Profit shifting in Nigerian mining market: In October 2021, the International Monetary Fund (IMF) said countries like Nigeria lose $600 million in revenue due to tax rate differences between African countries and offshore affiliates in the same multi-national enterprises’ group.   

The EITI report corroborates what the IMF said. The report said: 

  • “Research on profit shifting in mining across Sub-Saharan Africa indicates that African countries are losing, on average, between $470 million and $730 million per year in corporate income tax from MNE tax avoidance. The baseline estimate – which also includes Sub-Saharan African economies with small mining sectors – suggests a revenue loss of about $600 million, based on tax rate differentials between African countries and offshore affiliates in the same MNE group.”   

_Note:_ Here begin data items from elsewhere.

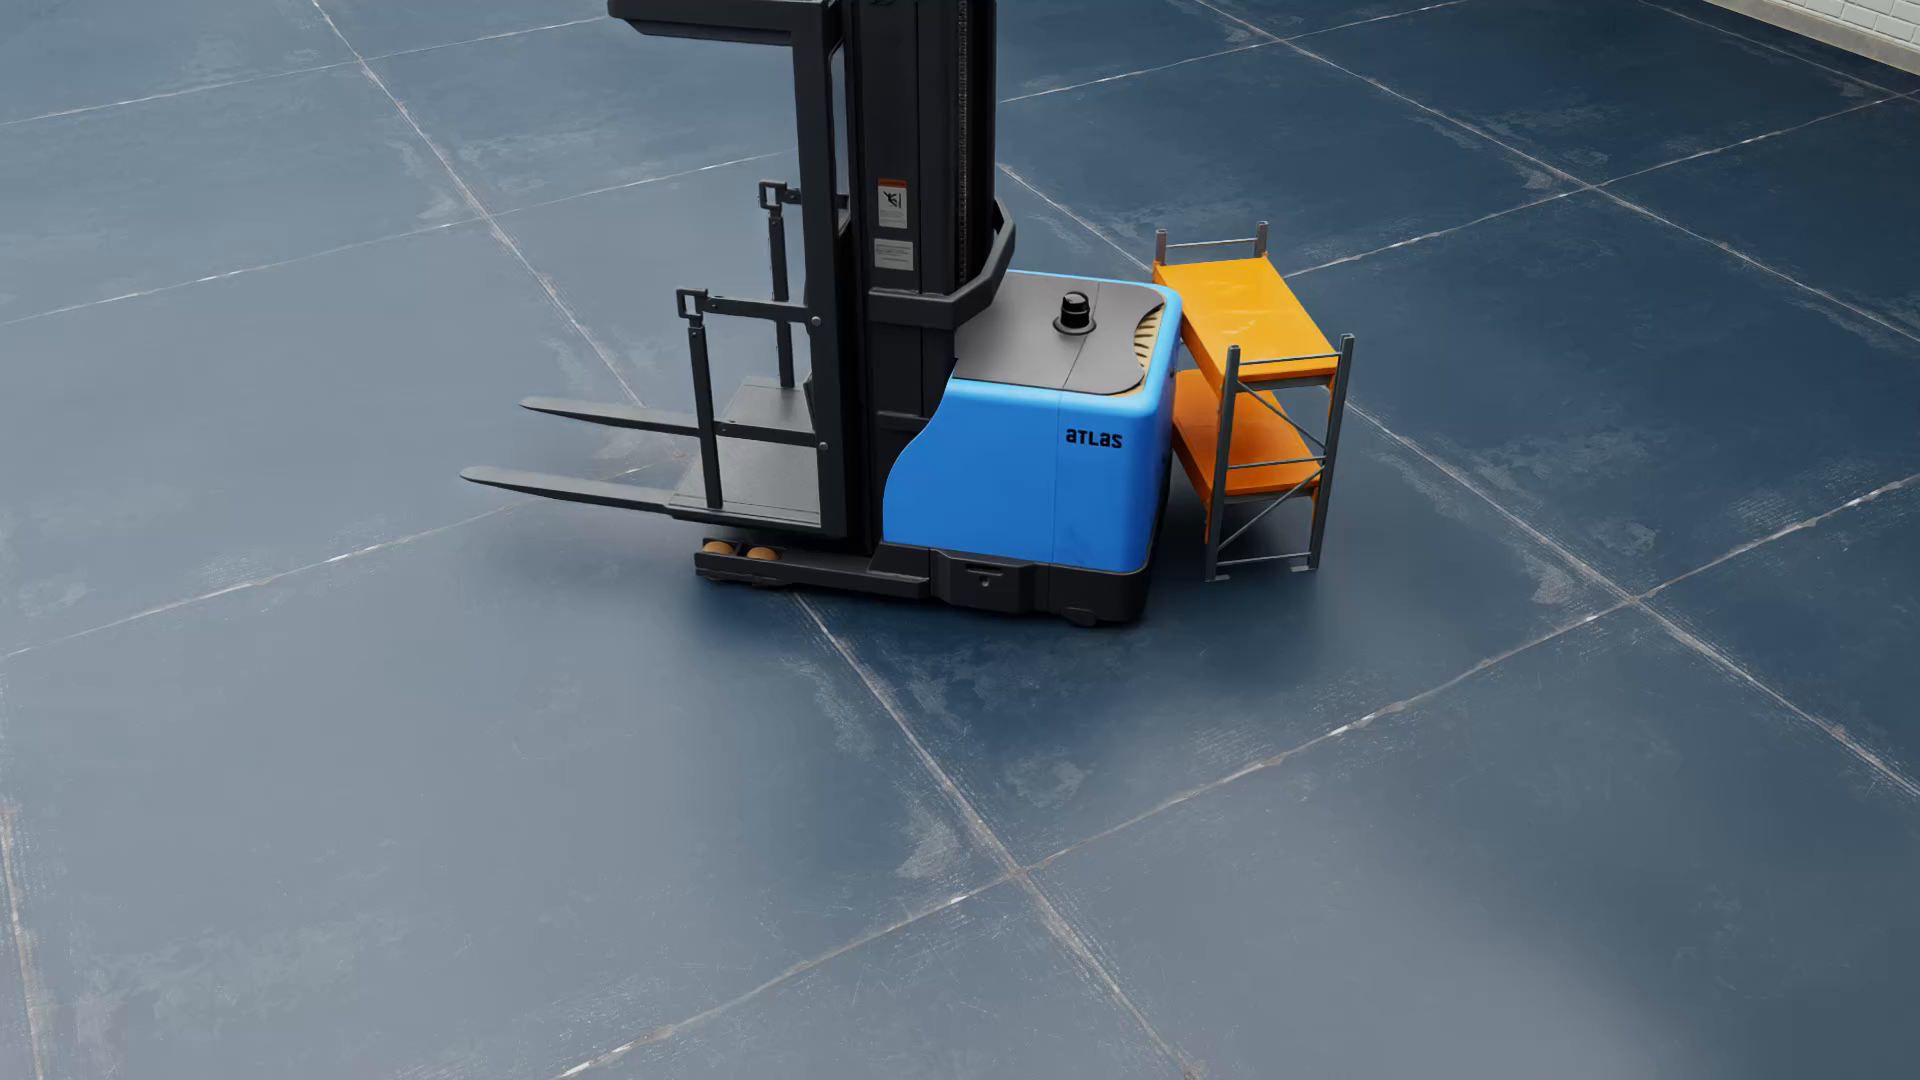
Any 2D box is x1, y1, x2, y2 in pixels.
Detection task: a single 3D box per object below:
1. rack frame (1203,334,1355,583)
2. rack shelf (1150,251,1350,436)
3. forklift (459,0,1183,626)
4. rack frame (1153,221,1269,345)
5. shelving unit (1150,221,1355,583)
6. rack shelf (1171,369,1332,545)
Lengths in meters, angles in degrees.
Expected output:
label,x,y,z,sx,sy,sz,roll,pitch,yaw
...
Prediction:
label,x,y,z,sx,sy,sz,roll,pitch,yaw
rack frame,1.275,-0.309,6.720,0.500,1.125,0.032,-6,37,-8
rack shelf,1.184,-0.841,6.951,0.538,0.278,1.000,-6,37,-8
forklift,-0.638,-1.281,6.519,3.031,2.935,1.130,8,37,10
rack frame,1.093,-0.899,7.528,0.500,1.125,0.032,-6,37,-8
shelving unit,1.184,-0.604,7.124,0.538,1.125,1.048,-6,37,-8
rack shelf,1.184,-0.407,7.268,0.538,0.278,1.000,-6,37,-8
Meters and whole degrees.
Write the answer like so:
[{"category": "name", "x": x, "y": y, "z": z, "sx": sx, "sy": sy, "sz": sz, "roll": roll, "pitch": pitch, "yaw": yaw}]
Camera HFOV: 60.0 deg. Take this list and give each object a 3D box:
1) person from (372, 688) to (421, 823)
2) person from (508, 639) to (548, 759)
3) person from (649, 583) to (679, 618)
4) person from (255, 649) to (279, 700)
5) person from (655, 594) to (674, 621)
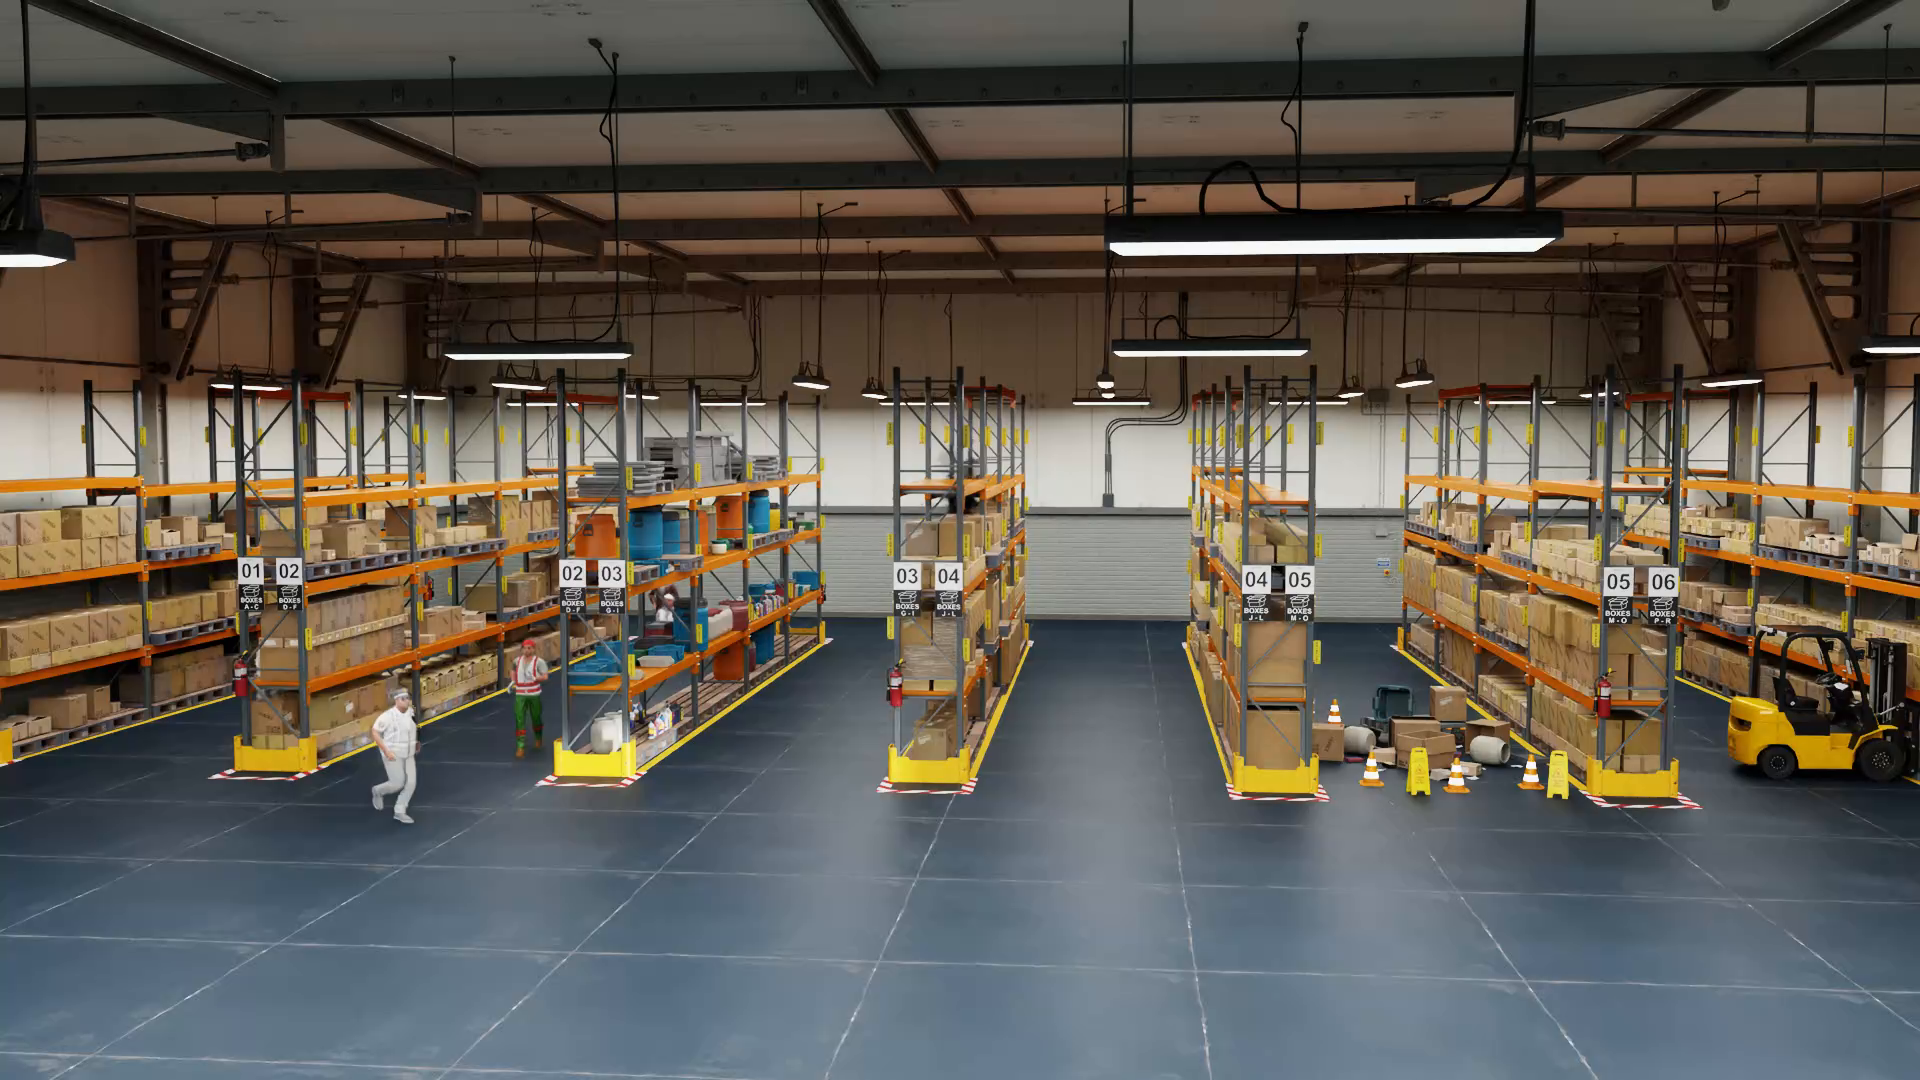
[{"category": "person", "x": -7.374, "y": 2.791, "z": 21.750, "sx": 0.656, "sy": 1.754, "sz": 0.684, "roll": 2, "pitch": 4, "yaw": 28}, {"category": "person", "x": -6.792, "y": 2.460, "z": 26.154, "sx": 0.655, "sy": 1.817, "sz": 0.892, "roll": 0, "pitch": 4, "yaw": -3}, {"category": "person", "x": -7.063, "y": 1.682, "z": 39.609, "sx": 0.725, "sy": 1.791, "sz": 0.741, "roll": 0, "pitch": 4, "yaw": -5}, {"category": "person", "x": -11.793, "y": 2.390, "z": 28.388, "sx": 0.597, "sy": 1.744, "sz": 0.701, "roll": 0, "pitch": 4, "yaw": -2}, {"category": "person", "x": -6.078, "y": 1.987, "z": 34.649, "sx": 0.656, "sy": 1.722, "sz": 0.603, "roll": 0, "pitch": 4, "yaw": 7}]
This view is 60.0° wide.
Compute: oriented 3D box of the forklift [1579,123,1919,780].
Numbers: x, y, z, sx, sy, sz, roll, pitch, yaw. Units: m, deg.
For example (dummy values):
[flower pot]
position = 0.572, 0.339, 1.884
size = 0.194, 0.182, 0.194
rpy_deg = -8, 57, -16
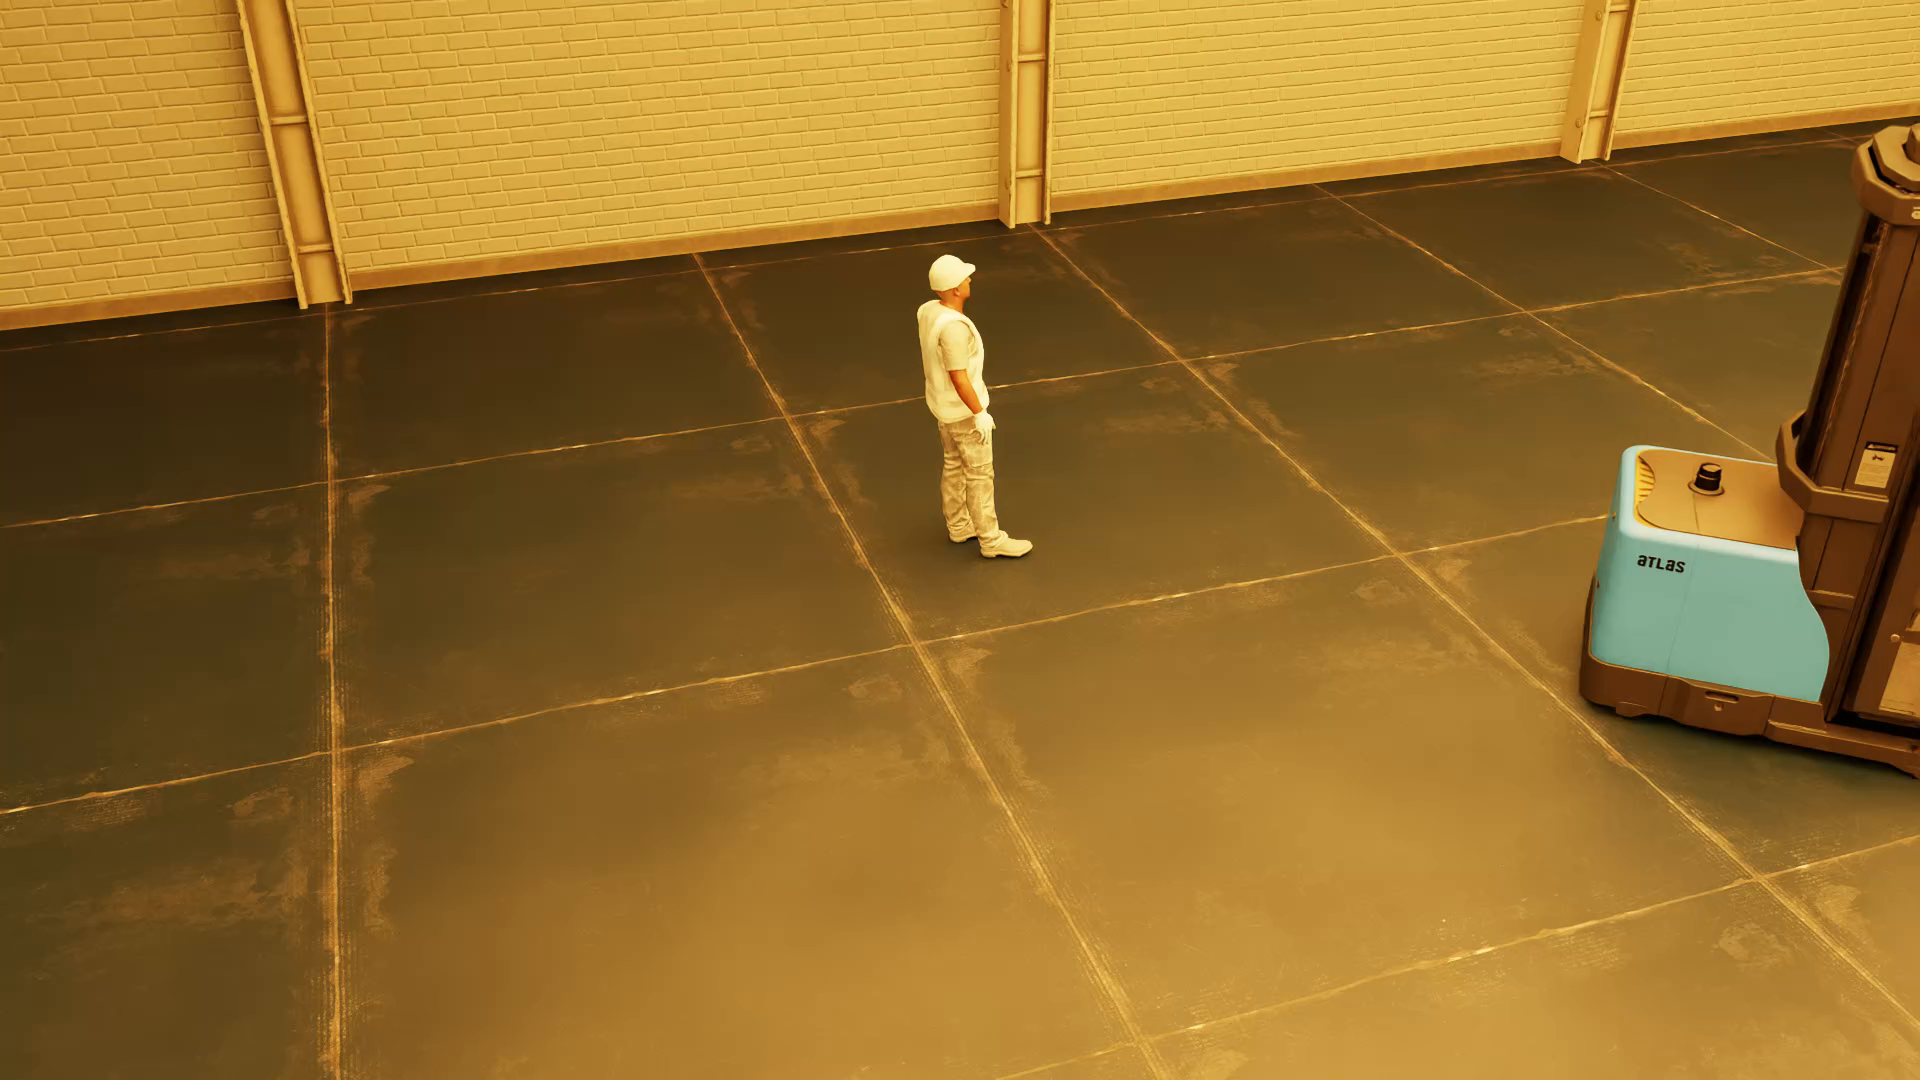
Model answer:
[forklift]
position = 4.749, -0.375, 7.739
size = 3.031, 2.935, 1.130
rpy_deg = 10, 32, 18

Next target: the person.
[person]
position = 0.071, -0.787, 9.591
size = 0.575, 1.785, 0.657
rpy_deg = -10, 31, -16

What you should know: Tax base erosion and profit shifting (BEPS) is a serious governance challenge for countries pursuing resource revenues from the taxation of multinational enterprises (MNEs).  

  • BEPS occurs when companies shift reporting of profits generated in higher tax jurisdictions to other parts of their business in lower tax or no-tax jurisdictions.  
  • This challenge could become more pronounced in the transition minerals sector given the integrated business structures of many of the MNEs involved in mining, processing, refining, marketing, and trading in transition minerals across multiple jurisdictions.  
  • There are also increasingly powerful global partnerships controlling transition mineral value chains, for example, through the consolidation of mine-to-car business deals by upstream and downstream MNEs.    

Nigeria must take action: Nigeria and other sub-Saharan African countries need to take intentional steps to maximize their mineral resources, especially in the era of the global energy transition.  

  • During the October 2022 Reuters Impact Climate Conference in London, the president of the Africa Finance Corporation (AFC), Samaila Zubairu said it was time for Africa to rethink the approach to its mining value chain.  
  • According to him, mining is carried out in Africa, and the minerals are exported to Asia where they are processed and exported to other parts of the world. He said that this cannot continue and Africa needs to also process mineral resources so, there is value capture here before exports take place, and Africa can expand its mining capacity.   
  • Zubairu said; “Africa needs to expand its mining capacity, more minerals should be sourced, mined, and processed here on the continent. More investments in adaptation will increase infrastructural capacity.”